While accelerating hard you should see it get close to the 500 amp limit, in third, fourth and fifth gear. Usually you can't get close in 1st gear because of the torque amplification in the transmission. And in second gear you might pass through the peak so quickly that you never see it. Take a look at the battery amps on the HPEVS dyno plot for that motor/controller combo.

AC-51 & 1239 controller

The peak battery current occurs between 4500 and 5500 rpm. You wont see battery currents that high outside of that range. Also, you should always question your instrumentation and measurement technique as it is easy to have problems and often difficult to tell what is correct.

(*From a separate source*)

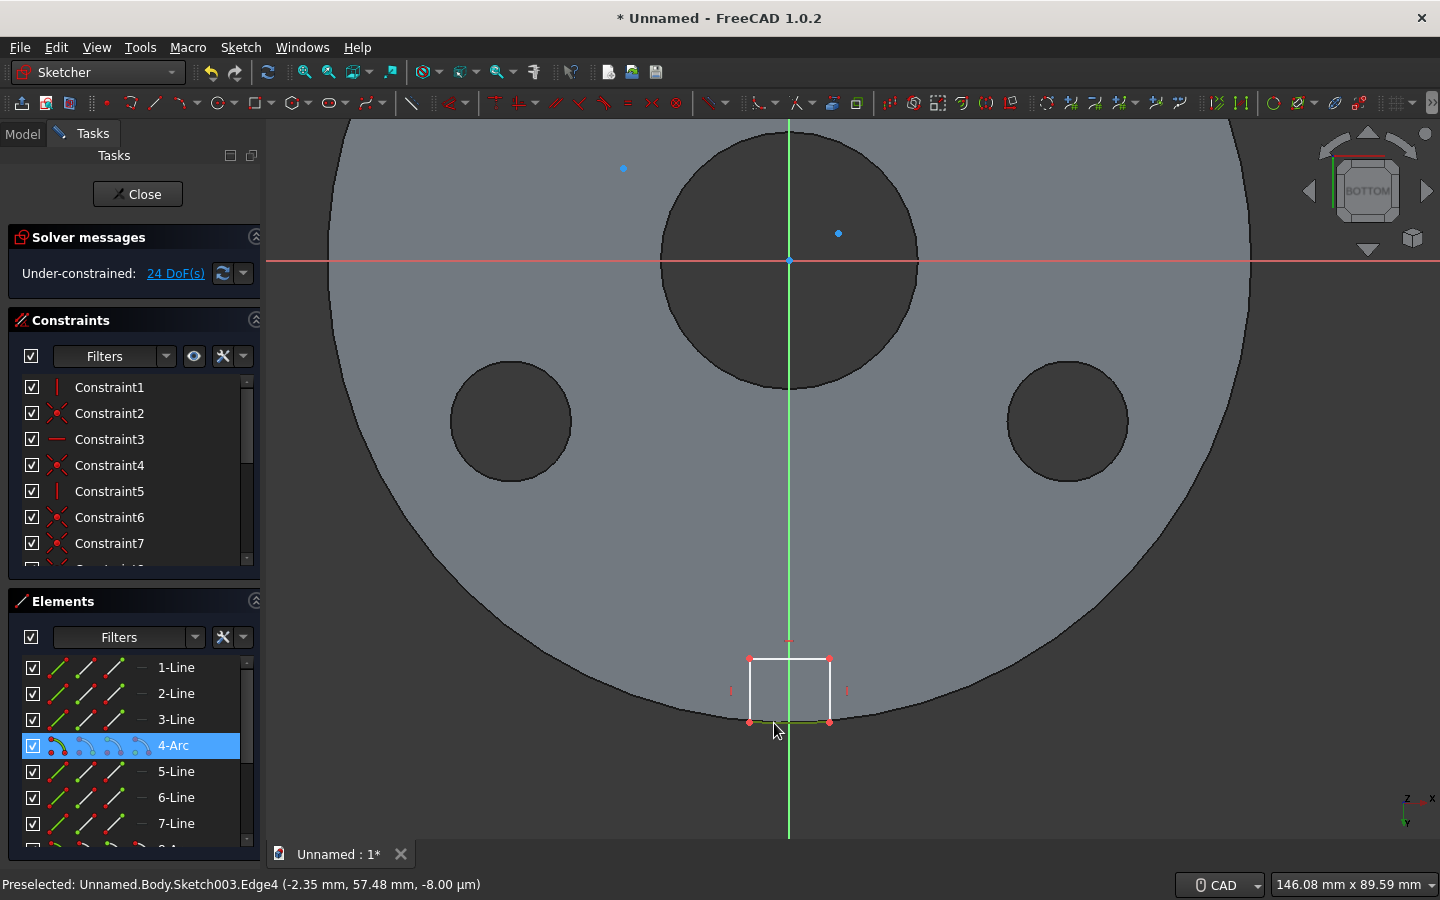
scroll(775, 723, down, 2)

Another reason for not reaching the current limits would be if the controller does not have adequate cooling. Those controllers are pretty good at protecting themselves from an over temp situation.


----------



## zapyourrideguy (Oct 25, 2012)

*Re: 1239 AC-51 corrected*

Yay it works and works really good.
I followed the schematics but I wasn't looking at the correct version which has wire # notes along with the schematic for the throttle and brake input.
I was supplying my brake transducer and hall effect with 12 instead of 5 volts . Brian at thunderstruck pointed me in the right direction and tech support at HPEVS. I had rough starts with my 2 wire throttle but once I got the hall effect back in everything is smooth. BIG OL' EV GRIN!


----------



## onegreenev (May 18, 2012)

*Re: 1239 AC-51 corrected*

pictures of your ride?


----------